Ok fine, I've got some old sandeels stashed somewhere, *IF* I take pictures of it, will you call BS on me again? I know I'm not dreaming this one up at all.


----------



## JShupe (Oct 17, 2004)

Lets see them


----------



## pmgoffjr (Jul 30, 2009)

Ok, old on the left, new on the right, both packages marked "pumkin" Please tell me that's the same color. Then tell me it's raining on the back of my leg


----------



## white cap (Jun 11, 2004)

Advantage pmg....

I have noticed a similar difference in colors over the years!

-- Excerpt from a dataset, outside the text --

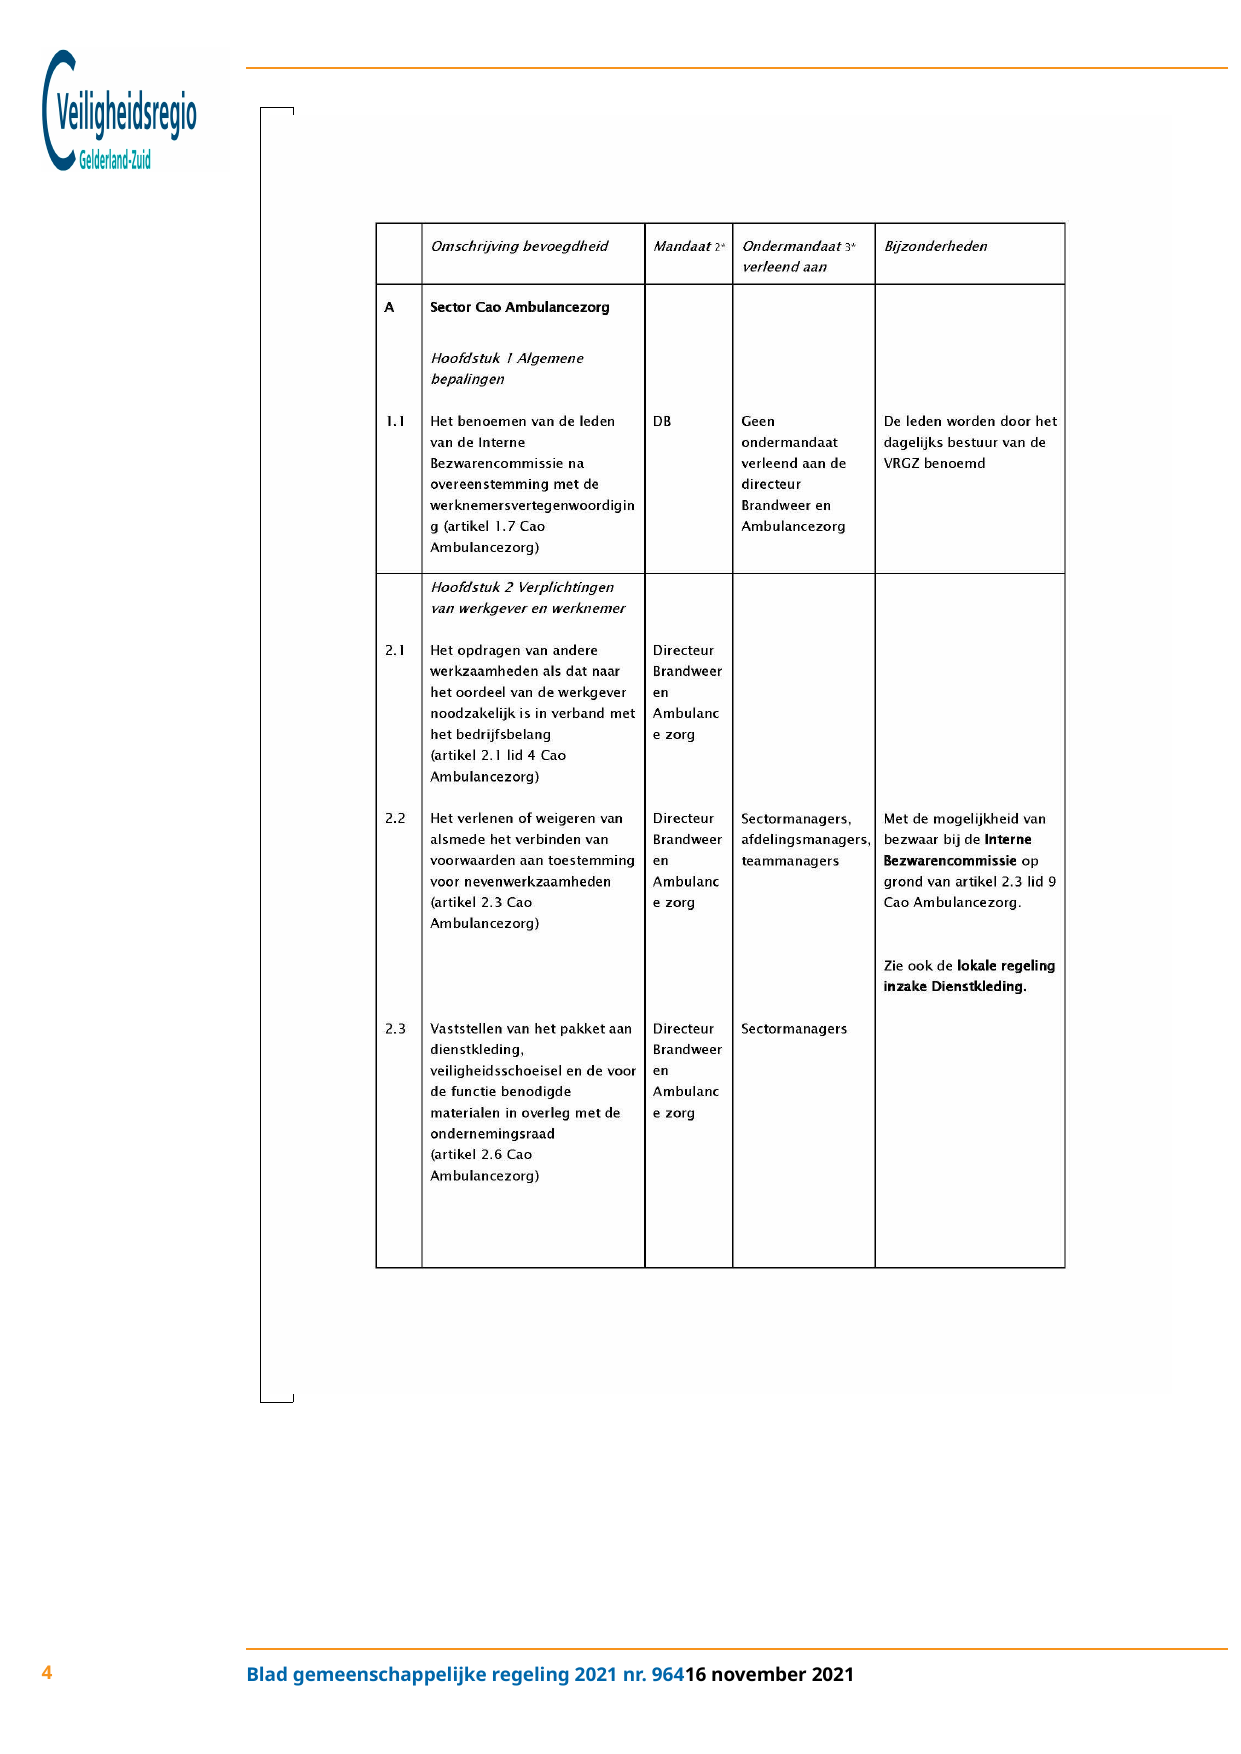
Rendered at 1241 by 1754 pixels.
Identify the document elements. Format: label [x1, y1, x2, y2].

picture [41, 47, 231, 172]
picture [268, 115, 1173, 1394]

Love the SEjr's ...........wc


----------



## pmgoffjr (Jul 30, 2009)

Who wants to bet we hear nothing but crickets from here.


----------



## Smackdaddy53 (Nov 4, 2011)

Fish are color blind...bahaha

http://www.fishingscout.com/scouts/SmackDaddy


----------



## JShupe (Oct 17, 2004)

Errrrrrrrr come in Norton.....


----------



## bragwell (Apr 15, 2010)

Looks pretty **** different.


----------



## pmgoffjr (Jul 30, 2009)

Crickets....no big surprise.


----------



## kenny (May 21, 2004)

pmgoffjr said:


> Crickets....no big surprise.


That's not cool. Young Mr.Norton doesn't have to be on here at all, and it's never easy to take negative criticism. It' Christmas, give the guy a break. He'll respond later.


----------



## sharkchum (Feb 10, 2012)

pmgoffjr said:


> Ok, old on the left, new on the right, both packages marked "pumkin" Please tell me that's the same color. Then tell me it's raining on the back of my leg


 The color difference your seeing may not have anything to do with Norton's quality control. There are several things that can alter the color of soft plastics like sunlight, moisture, and age. I've had chartreuse Bass assassins turn clear, red Corky's turn pink, and purple Kelly Wiggle's turn light blue. If you don't believe me, go buy two packs of any soft plastics on the market of the same color, put one pack in your house, somewhere that's dark, like a closet or drawer , than put the other pack on the dash of your truck, or the console of your boat. I promise you, in a month they wont be the same color.


----------



## Mr. Breeze (Jan 6, 2005)

Good point sharkchum, they can even do that on the rack at the stores.


----------



## kenny (May 21, 2004)

sharkchum said:


> The color difference your seeing may not have anything to do with Norton's quality control. There are several things that can alter the color of soft plastics like sunlight, moisture, and age. I've had chartreuse Bass assassins turn clear, red Corky's turn pink, and purple Kelly Wiggle's turn light blue. If you don't believe me, go buy two packs of any soft plastics on the market of the same color, put one pack in your house, somewhere that's dark, like a closet or drawer , than put the other pack on the dash of your truck, or the console of your boat. I promise you, in a month they wont be the same color.


Yep.


----------



## bragwell (Apr 15, 2010)

Either way sand eel jrs are some of the best soft plastics money can buy. If you can't catch fish with them that's you're problem.


----------



## sharkchum (Feb 10, 2012)

bragwell said:


> Either way sand eel jrs are some of the best soft plastics money can buy. If you can't catch fish with them that's you're problem.


X2


----------



## Mr. Breeze (Jan 6, 2005)

Yep, my all time favorite is the Black Magic. Redfish catchin' son of a gun.


----------



## johndoughy (Sep 8, 2013)

Heck, we're eating Christmas dinner courtesy a Sand Eel Jr this evening.


----------



## pmgoffjr (Jul 30, 2009)

No doubt plastics can and will change colors, and I have seen it plenty of times but that's not what happened here. Go find a ten year old color chart you will see the old color exactly like the picture. Not the dog poo brown you get now.


----------



## TheRooster (Jul 15, 2012)

pmgoffjr said:


> No doubt plastics can and will change colors, and I have seen it plenty of times but that's not what happened here. Go find a ten year old color chart you will see the old color exactly like the picture. Not the dog poo brown you get now.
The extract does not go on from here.